The rich will learn in the dangers of a social revolution that
the poor will not sacrifice both wealth and immortality.

What is to be done about this? The question answers itself: Step
up, ladies and gentlemen, and empty your purses into the
Psychical Research hat! So that we may accumulate statistics as
to the cost of milk and honey in Jerusalem the Golden!
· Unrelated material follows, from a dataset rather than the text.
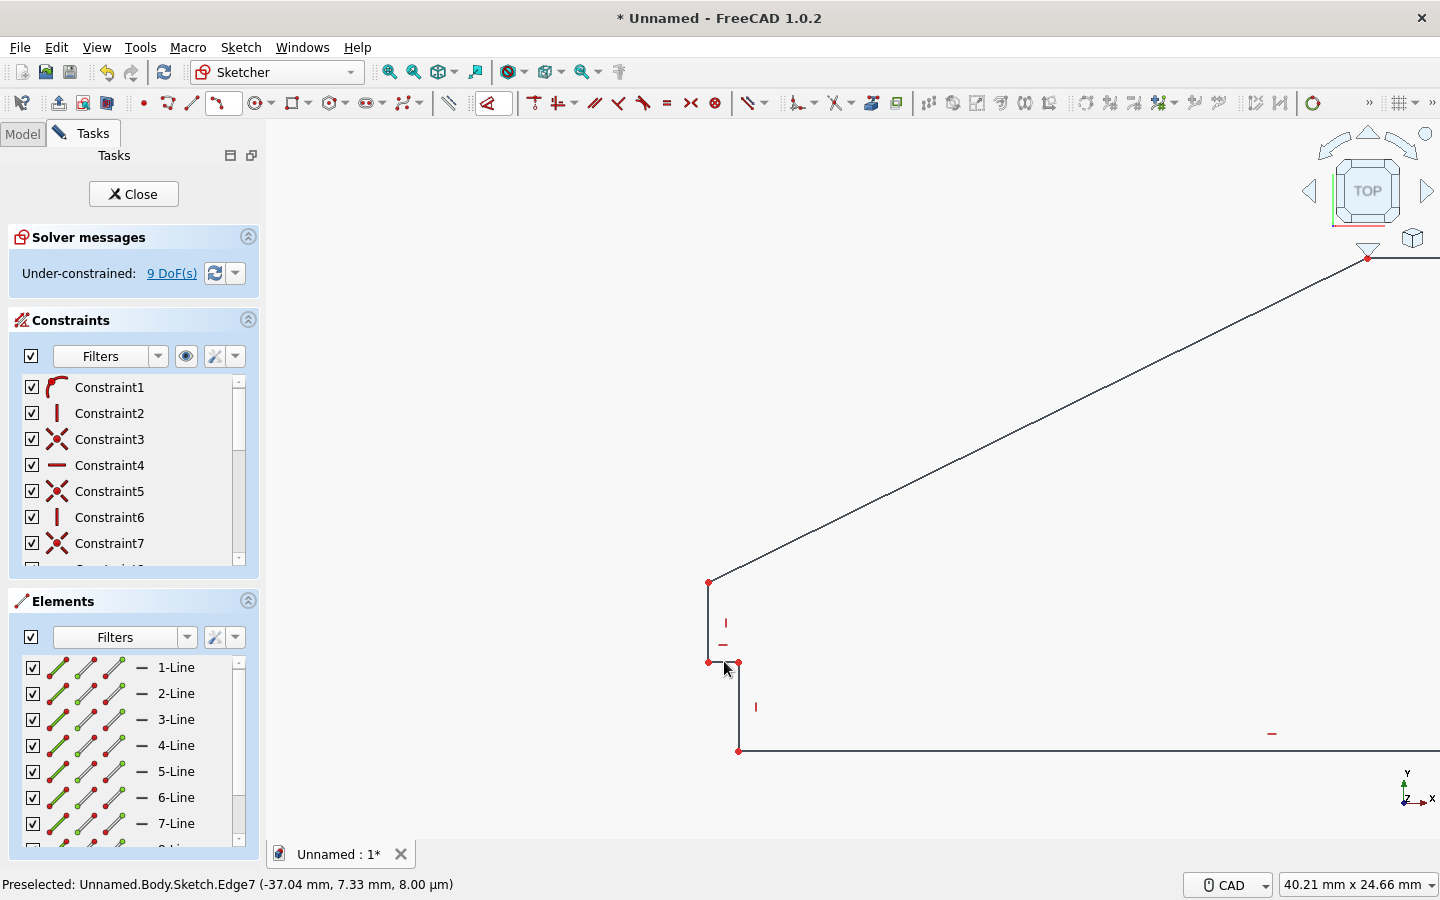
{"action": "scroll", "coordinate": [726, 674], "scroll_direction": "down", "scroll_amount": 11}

You read what I had to say about Bootstrap-lifters, and the
Wholesale Pickpockets' Association making use of their
incantations. You admired my ability to sling language, but not
my taste; and you certainly did not think that I would back my
rhetoric with facts. But what do these quotations mean, unless
they mean what I have said? Are not these three professors men of
culture? Are they not as "spiritual" as any men of learning you
can find in our present-day society?

And now stop for a moment and put yourself in the position of the
young student of the working-class, who goes to these books and
discovers that truth is not truth, but only a bait for a snare.
Who discovers that professors of ethics, practical or
impractical, are not interested in justice among men, but only in
collecting funds for their specialty; that in order to get funds,
they are willing to teach the rich how to paralyze the minds of
the poor! Do you wonder that such young students conclude that
bourgeois thinkers do not know what honesty is, but are
prostitutes, retainers and lackeys, to be kicked out of the
temple of truth?


Running the Rapids

And now, can you form to yourselves a clear concept of what it
means to society that practically all its moral teaching should
be in the hands of men who are incapable of clean, straight
thinking? That all the intellectual prestige of the Church should
be lent to the support of vagueness, futility, and deliberate
evasion? Here we are, all of us, caught in the most terrific
social crisis of history; I search for a metaphor to picture our
position, and I recall a canoe-trip in the wilds of Ontario,
hundreds of miles down a long swift river. You sit in the bow of
the canoe, your partner in the stern, watching ahead; and there
comes a slide of smooth green water, and you go over it, and into
a torrent of foaming white, which seizes you and rushes you along
with the speed of a race-horse. With every sense alert, You watch
for the rocks, and when you see one, you dip your paddle on one
side or the other and with a quick motion draw the canoe clear of
the danger. If by any chance you fail to do it, over you go, and
your partner with you, and all your belongings go down-stream,
and maybe you are sucked into a whirlpool, and not seen for
several hours afterwards. Precisely like this is the voyage of
life, for the whole of society and for every individual. The
paddle which would save us from the rocks is experimental
science; but in most of our canoes we put a man who has no
paddle, but a Holy Book; and he casts up his eyes and murmurs
words in ancient Greek and Hebrew, and now and then, when he sees
an especially formidable obstruction--a war, or the gonococcus,
or the I. W. W.--he casts a holy wafer upon the foaming torrent.